Survey of the important changes to the adult protection regime, and the Adults with Incapacity Act, made by the Adult Support and Protection (Scotland) Act 2007

The Adult Support and Protection (Scotland) Act 2007 completed its parliamentary passage on 15 February. Most of its provisions are expected to be brought into force towards the end of the year. One important provision, inserting a new section in the Social Work (Scotland) Act 1968, came into force on 21 March (see panel in downloadable PDF).

The 2007 Act introduces the new adult protection régime in Part 1. It makes significant amendments to adult incapacity law, most of them in Part 2 amending the Adults with Incapacity (Scotland) Act 2000 (“the Incapacity Act”). This article summarises some of these provisions. It does not cover alterations to other legislation, including the Mental Health (Care and Treatment) (Scotland) Act 2003 (“the Mental Health Act”).

The 2007 Act incorporates an unusual amount of amendment to the bill as originally introduced. The Law Society of Scotland’s Mental Health and Disability Committee has had an unusual (perhaps unprecedented) success rate in achieving implementation of its suggestions and response to its concerns. Commendable were the care with which the Health Committee addressed issues raised by the bill, and the responses of the Scottish Executive.
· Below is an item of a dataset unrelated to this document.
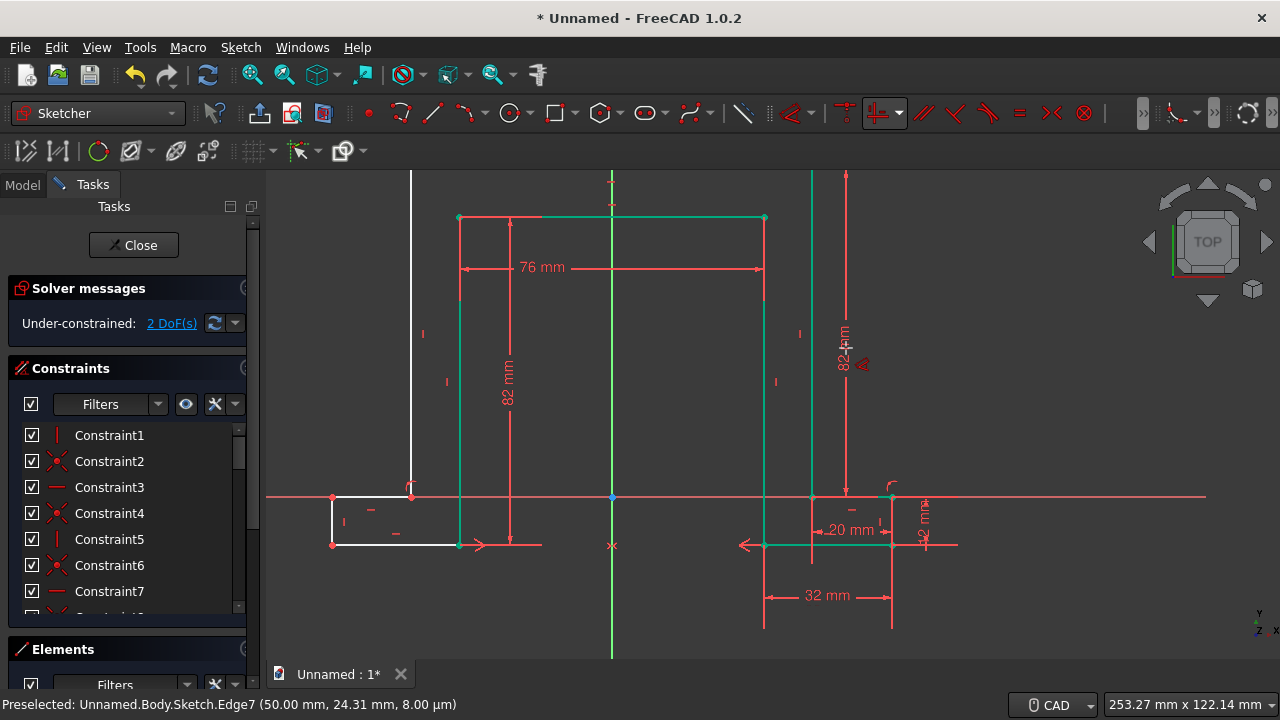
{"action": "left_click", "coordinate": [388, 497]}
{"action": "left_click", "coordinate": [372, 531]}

Adult protection: adults at risk

The 2007 Act repeals the existing procedure under s 47 of the National Assistance Act 1948 (as amended) for application to the sheriff to remove persons from the premises where they are, if they are suffering from grave chronic disease, or are aged, infirm or physically incapacitated and living in insanitary conditions, and if they are unable to devote proper care and attention to themselves and are not receiving it from anyone else. The 1948 Act procedure was probably not ECHR compliant, and almost certainly had to go.
The starting point for reform in this area was to replace that section with modern provision for the care and protection of adults who are vulnerable and at risk of harm. There are adults who are vulnerable but neither incapable in terms of the Incapacity Act nor mentally disordered in terms of the Mental Health Act. Even for adults who are incapable or mentally disordered, it is likely that some needs will best be met under the 2007 Act.
Part 1 of the Act commences with principles and a definition of “adults at risk”. The “general principle on intervention” reflects the Incapacity Act. An intervention must provide benefit to the adult which could not reasonably be provided without intervening, and must (of the options likely to fulfil the object of the intervention) be the least restrictive of the adult’s freedom. The mandatory terms of the general principle in s 1 are watered down by the statement that it applies only for the purposes of s 2, which requires public bodies and office holders to “have regard to” the general principle when performing functions under Part 1. They must also have regard to other principles set out in s 2.
There are three elements in the definition of adults at risk. They must be unable to safeguard their own wellbeing, property, rights or other interests. They must be affected by disability, mental disorder, illness or physical or mental infirmity, and in consequence more vulnerable to being harmed than adults not so affected. They must be at risk of harm either because another person’s conduct is causing harm (or is likely to), or because the adult is engaging in conduct which causes self-harm (or that is likely).
The Society made successful representations that the original scope of the bill was too narrow and its language too emotive: thus references to “abuse” were altered to “harm”.

Duties and procedures

Local authorities will have a duty to make inquiries where they know or believe that an adult is at risk and they might need to intervene to protect the adult. The authority will have powers to investigate, including by visits, interviews, medical examinations and examination of records. There are procedures for assessment orders, removal orders and banning orders. Banning orders provide the option of removing the person creating the risk of harm from where the adult lives, rather than always removing the adult from the risk. There are provisions for temporary banning orders, and powers of arrest for breach of a banning order.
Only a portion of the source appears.